Les lecteurs attentifs ont peut-être remarqué qu’au cours des dernières années, de nombreuses startups nucléaires basées aux États-Unis ont annoncé de nouvelles conceptions de réacteurs. Beaucoup d’entre eux nécessitent un combustible dit à haut dosage d’uranium faiblement enrichi (HALEU). Alors que le parc actuel de réacteurs à fission des États-Unis fonctionne avec du combustible enrichi jusqu’à 5 %, HALEU est enrichi entre 5 et 20 %, ce qui permet des conceptions plus compactes, une plus grande efficacité et beaucoup plus de temps entre les ravitaillements. Cela se compare aux petits réacteurs des sous-marins américains qui fonctionnent avec > 90 % de carburant hautement enrichi en U-235, ce qui leur donne un temps de ravitaillement de 20 à 25 ans. Au-dessus de 20 %, l’U-235 est considéré comme « hautement enrichi » (HEU).

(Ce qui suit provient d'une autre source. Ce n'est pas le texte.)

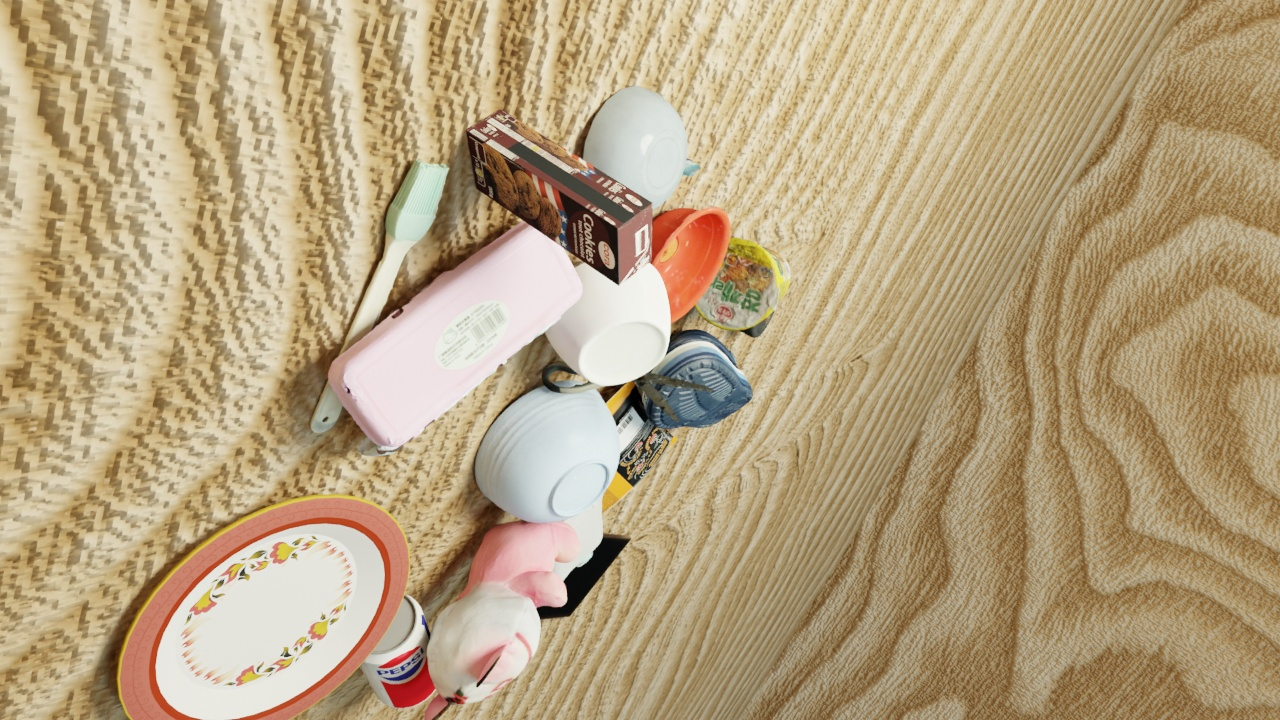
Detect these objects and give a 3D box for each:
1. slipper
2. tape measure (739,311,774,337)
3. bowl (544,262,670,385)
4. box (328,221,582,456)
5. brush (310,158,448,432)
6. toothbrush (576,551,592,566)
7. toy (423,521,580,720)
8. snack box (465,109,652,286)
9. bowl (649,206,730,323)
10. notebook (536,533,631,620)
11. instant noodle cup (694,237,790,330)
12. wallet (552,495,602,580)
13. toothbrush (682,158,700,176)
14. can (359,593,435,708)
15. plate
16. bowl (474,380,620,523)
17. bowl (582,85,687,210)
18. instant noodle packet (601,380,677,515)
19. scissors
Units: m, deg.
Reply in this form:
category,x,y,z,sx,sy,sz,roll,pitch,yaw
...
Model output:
category,x,y,z,sx,sy,sz,roll,pitch,yaw
slipper,0.056,0.019,1.034,0.105,0.095,0.252,-31,161,10
tape measure,0.141,-0.062,1.138,0.062,0.038,0.067,-56,159,-15
bowl,-0.024,-0.029,0.802,0.116,0.065,0.116,-14,141,-12
box,-0.143,-0.016,0.696,0.201,0.103,0.101,-42,116,-26
brush,-0.185,-0.039,0.634,0.033,0.012,0.218,-5,129,-59
toothbrush,-0.123,0.271,1.089,0.180,0.016,0.017,-26,155,-42
toy,-0.138,0.240,0.874,0.142,0.084,0.212,-31,-159,32
snack box,-0.055,-0.110,0.612,0.031,0.141,0.051,-40,151,-27
bowl,0.029,-0.099,0.885,0.130,0.045,0.131,-40,152,-27
notebook,-0.097,0.276,1.171,0.141,0.008,0.209,-52,155,5
instant noodle cup,0.119,-0.087,1.007,0.108,0.102,0.102,-21,141,-63
wallet,-0.078,0.190,1.018,0.086,0.032,0.116,-41,152,-34
toothbrush,-0.006,-0.157,0.784,0.188,0.017,0.016,-23,137,-48
can,-0.233,0.276,0.874,0.070,0.070,0.132,-39,151,-29
plate,-0.285,0.199,0.715,0.229,0.021,0.230,-30,137,-33
bowl,-0.076,0.101,0.883,0.150,0.075,0.151,-25,137,-26
bowl,0.003,-0.164,0.741,0.106,0.039,0.106,-32,134,-40
instant noodle packet,-0.039,0.115,1.046,0.159,0.032,0.221,-44,154,-5
scissors,-0.015,0.009,0.849,0.169,0.157,0.013,-8,131,4

Comme l’enrichissement de l’uranium nécessite un certain niveau de capacité de production qui n’existe pas encore aujourd’hui, il y a un petit rattrapage en cours dans l’industrie industrielle. Cela a conduit par exemple TerraPower à annoncer un retard dans le démarrage de son premier SMR Natrium. Auparavant, la Russie était un fournisseur majeur de HALEU, mais depuis la guerre en Ukraine, la dépendance s’est maintenant déplacée vers la capacité de production nationale des États-Unis, qui est en train de se développer rapidement.

La géopolitique mise à part, ce qui devrait être clair à ce stade, c’est l’immense variété des types de combustibles nucléaires et de leurs applications, avec les nouveaux réacteurs de génération IV qui s’y ajoutent. Avec une demande croissante d’énergie fiable et à faible émission de carbone, il semblerait que le jeu soit lancé pour extraire autant d’énergie que possible de chaque gramme d’uranium extrait.

François Zipponi
François Zipponihttp://10-raisons.com/author/10raisons/
Je suis François Zipponi, éditorialiste pour le site 10-raisons.com. J'ai commencé ma carrière de journaliste en 2004, et j'ai travaillé pour plusieurs médias français, dont le Monde et Libération. En 2016, j'ai rejoint 10-raisons.com, un site innovant proposant des articles sous la forme « 10 raisons de... ». En tant qu'éditorialiste, je me suis engagé à fournir un contenu original et pertinent, abordant des sujets variés tels que la politique, l'économie, les sciences, l'histoire, etc. Je m'efforce de toujours traiter les sujets de façon objective et impartiale. Mes articles sont régulièrement partagés sur les réseaux sociaux et j'interviens dans des conférences et des tables rondes autour des thèmes abordés sur 10-raisons.com.